**Goal of the exercise**
In the copy, include every entry exactly but none of its images.

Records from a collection
[Start of Attachment]
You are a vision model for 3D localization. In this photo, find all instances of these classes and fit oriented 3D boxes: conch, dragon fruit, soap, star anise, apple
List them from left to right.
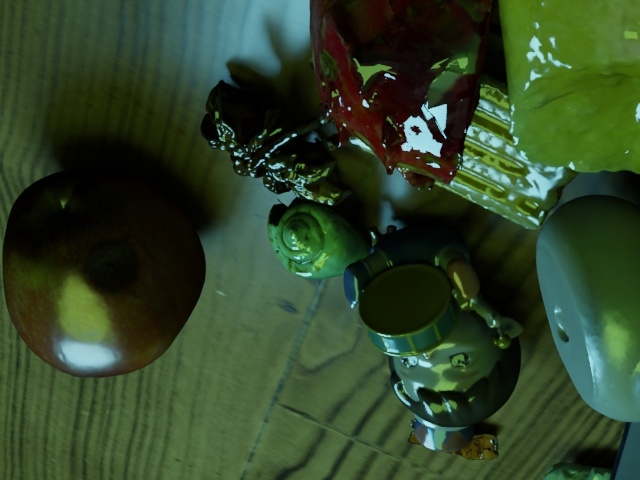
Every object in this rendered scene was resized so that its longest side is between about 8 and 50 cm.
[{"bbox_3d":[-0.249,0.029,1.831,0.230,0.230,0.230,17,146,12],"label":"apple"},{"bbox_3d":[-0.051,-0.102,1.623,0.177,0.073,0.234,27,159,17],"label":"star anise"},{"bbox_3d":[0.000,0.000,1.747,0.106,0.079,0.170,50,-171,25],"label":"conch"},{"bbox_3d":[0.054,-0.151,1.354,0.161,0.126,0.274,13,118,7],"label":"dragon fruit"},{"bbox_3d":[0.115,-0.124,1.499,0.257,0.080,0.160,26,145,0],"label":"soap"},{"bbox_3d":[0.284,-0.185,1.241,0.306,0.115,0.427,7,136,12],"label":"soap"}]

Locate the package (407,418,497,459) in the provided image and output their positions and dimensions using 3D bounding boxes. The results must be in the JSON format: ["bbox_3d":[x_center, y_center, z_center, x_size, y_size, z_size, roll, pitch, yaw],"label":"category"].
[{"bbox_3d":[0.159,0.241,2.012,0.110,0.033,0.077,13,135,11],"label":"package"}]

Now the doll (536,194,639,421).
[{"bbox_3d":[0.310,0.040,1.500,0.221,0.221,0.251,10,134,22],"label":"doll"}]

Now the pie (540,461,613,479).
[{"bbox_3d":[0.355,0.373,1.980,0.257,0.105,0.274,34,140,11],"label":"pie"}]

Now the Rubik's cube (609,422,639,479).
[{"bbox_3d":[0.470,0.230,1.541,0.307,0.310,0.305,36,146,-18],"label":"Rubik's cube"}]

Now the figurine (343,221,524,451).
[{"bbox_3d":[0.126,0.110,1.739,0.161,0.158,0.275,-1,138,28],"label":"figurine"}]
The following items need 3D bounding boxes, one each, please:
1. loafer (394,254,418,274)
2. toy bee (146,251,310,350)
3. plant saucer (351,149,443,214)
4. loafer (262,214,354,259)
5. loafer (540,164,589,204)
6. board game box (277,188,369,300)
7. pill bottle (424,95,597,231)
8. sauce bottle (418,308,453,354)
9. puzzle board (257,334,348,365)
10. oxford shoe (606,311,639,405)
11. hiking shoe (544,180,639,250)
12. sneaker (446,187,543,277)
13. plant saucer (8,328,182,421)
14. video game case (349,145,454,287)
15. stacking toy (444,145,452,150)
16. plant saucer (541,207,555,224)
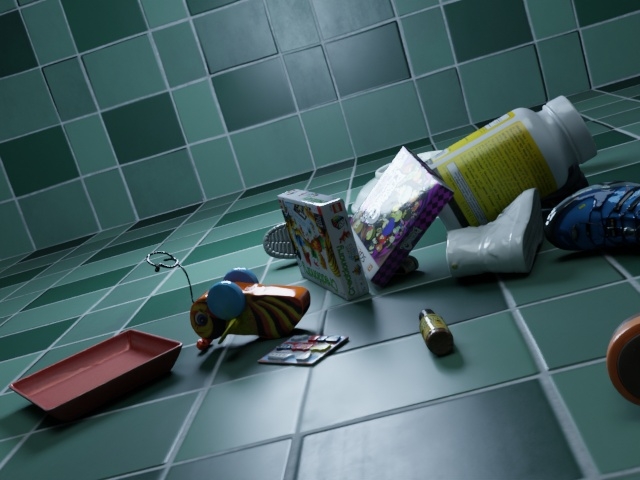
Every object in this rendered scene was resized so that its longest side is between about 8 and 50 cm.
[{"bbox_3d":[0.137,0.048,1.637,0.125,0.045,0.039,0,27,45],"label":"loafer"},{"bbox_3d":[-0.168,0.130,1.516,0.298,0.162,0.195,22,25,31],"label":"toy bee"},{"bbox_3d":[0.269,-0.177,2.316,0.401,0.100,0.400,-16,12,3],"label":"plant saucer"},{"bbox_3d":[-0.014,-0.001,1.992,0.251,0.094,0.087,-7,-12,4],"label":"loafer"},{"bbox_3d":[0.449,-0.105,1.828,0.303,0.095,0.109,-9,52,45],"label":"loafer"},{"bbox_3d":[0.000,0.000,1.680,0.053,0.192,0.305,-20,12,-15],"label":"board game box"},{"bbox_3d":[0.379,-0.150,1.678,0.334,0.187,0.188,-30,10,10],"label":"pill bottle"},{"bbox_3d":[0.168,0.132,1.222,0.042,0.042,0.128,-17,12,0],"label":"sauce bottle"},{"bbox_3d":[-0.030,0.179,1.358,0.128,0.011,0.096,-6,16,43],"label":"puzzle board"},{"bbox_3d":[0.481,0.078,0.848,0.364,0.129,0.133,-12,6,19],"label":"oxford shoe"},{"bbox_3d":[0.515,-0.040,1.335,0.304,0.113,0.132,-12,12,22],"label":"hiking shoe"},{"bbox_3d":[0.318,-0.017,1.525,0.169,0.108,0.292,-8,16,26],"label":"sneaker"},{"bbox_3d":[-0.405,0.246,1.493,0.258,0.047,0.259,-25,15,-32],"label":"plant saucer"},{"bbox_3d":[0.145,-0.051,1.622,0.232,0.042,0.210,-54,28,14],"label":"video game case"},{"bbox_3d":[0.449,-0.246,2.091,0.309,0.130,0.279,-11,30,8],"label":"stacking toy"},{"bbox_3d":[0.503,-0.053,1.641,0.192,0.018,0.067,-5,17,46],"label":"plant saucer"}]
[End of Attachment]
**Reply**
You are a vision model for 3D localization. In this photo, find all instances of these classes and fit oriented 3D boxes: conch, dragon fruit, soap, star anise, apple
List them from left to right.
Every object in this rendered scene was resized so that its longest side is between about 8 and 50 cm.
[{"bbox_3d":[-0.249,0.029,1.831,0.230,0.230,0.230,17,146,12],"label":"apple"},{"bbox_3d":[-0.051,-0.102,1.623,0.177,0.073,0.234,27,159,17],"label":"star anise"},{"bbox_3d":[0.000,0.000,1.747,0.106,0.079,0.170,50,-171,25],"label":"conch"},{"bbox_3d":[0.054,-0.151,1.354,0.161,0.126,0.274,13,118,7],"label":"dragon fruit"},{"bbox_3d":[0.115,-0.124,1.499,0.257,0.080,0.160,26,145,0],"label":"soap"},{"bbox_3d":[0.284,-0.185,1.241,0.306,0.115,0.427,7,136,12],"label":"soap"}]

Locate the package (407,418,497,459) in the provided image and output their positions and dimensions using 3D bounding boxes. The results must be in the JSON format: ["bbox_3d":[x_center, y_center, z_center, x_size, y_size, z_size, roll, pitch, yaw],"label":"category"].
[{"bbox_3d":[0.159,0.241,2.012,0.110,0.033,0.077,13,135,11],"label":"package"}]

Now the doll (536,194,639,421).
[{"bbox_3d":[0.310,0.040,1.500,0.221,0.221,0.251,10,134,22],"label":"doll"}]

Now the pie (540,461,613,479).
[{"bbox_3d":[0.355,0.373,1.980,0.257,0.105,0.274,34,140,11],"label":"pie"}]

Now the Rubik's cube (609,422,639,479).
[{"bbox_3d":[0.470,0.230,1.541,0.307,0.310,0.305,36,146,-18],"label":"Rubik's cube"}]

Now the figurine (343,221,524,451).
[{"bbox_3d":[0.126,0.110,1.739,0.161,0.158,0.275,-1,138,28],"label":"figurine"}]
The following items need 3D bounding boxes, one each, please:
1. loafer (394,254,418,274)
2. toy bee (146,251,310,350)
3. plant saucer (351,149,443,214)
4. loafer (262,214,354,259)
5. loafer (540,164,589,204)
6. board game box (277,188,369,300)
7. pill bottle (424,95,597,231)
8. sauce bottle (418,308,453,354)
9. puzzle board (257,334,348,365)
10. oxford shoe (606,311,639,405)
11. hiking shoe (544,180,639,250)
12. sneaker (446,187,543,277)
13. plant saucer (8,328,182,421)
14. video game case (349,145,454,287)
15. stacking toy (444,145,452,150)
16. plant saucer (541,207,555,224)
Every object in this rendered scene was resized so that its longest side is between about 8 and 50 cm.
[{"bbox_3d":[0.137,0.048,1.637,0.125,0.045,0.039,0,27,45],"label":"loafer"},{"bbox_3d":[-0.168,0.130,1.516,0.298,0.162,0.195,22,25,31],"label":"toy bee"},{"bbox_3d":[0.269,-0.177,2.316,0.401,0.100,0.400,-16,12,3],"label":"plant saucer"},{"bbox_3d":[-0.014,-0.001,1.992,0.251,0.094,0.087,-7,-12,4],"label":"loafer"},{"bbox_3d":[0.449,-0.105,1.828,0.303,0.095,0.109,-9,52,45],"label":"loafer"},{"bbox_3d":[0.000,0.000,1.680,0.053,0.192,0.305,-20,12,-15],"label":"board game box"},{"bbox_3d":[0.379,-0.150,1.678,0.334,0.187,0.188,-30,10,10],"label":"pill bottle"},{"bbox_3d":[0.168,0.132,1.222,0.042,0.042,0.128,-17,12,0],"label":"sauce bottle"},{"bbox_3d":[-0.030,0.179,1.358,0.128,0.011,0.096,-6,16,43],"label":"puzzle board"},{"bbox_3d":[0.481,0.078,0.848,0.364,0.129,0.133,-12,6,19],"label":"oxford shoe"},{"bbox_3d":[0.515,-0.040,1.335,0.304,0.113,0.132,-12,12,22],"label":"hiking shoe"},{"bbox_3d":[0.318,-0.017,1.525,0.169,0.108,0.292,-8,16,26],"label":"sneaker"},{"bbox_3d":[-0.405,0.246,1.493,0.258,0.047,0.259,-25,15,-32],"label":"plant saucer"},{"bbox_3d":[0.145,-0.051,1.622,0.232,0.042,0.210,-54,28,14],"label":"video game case"},{"bbox_3d":[0.449,-0.246,2.091,0.309,0.130,0.279,-11,30,8],"label":"stacking toy"},{"bbox_3d":[0.503,-0.053,1.641,0.192,0.018,0.067,-5,17,46],"label":"plant saucer"}]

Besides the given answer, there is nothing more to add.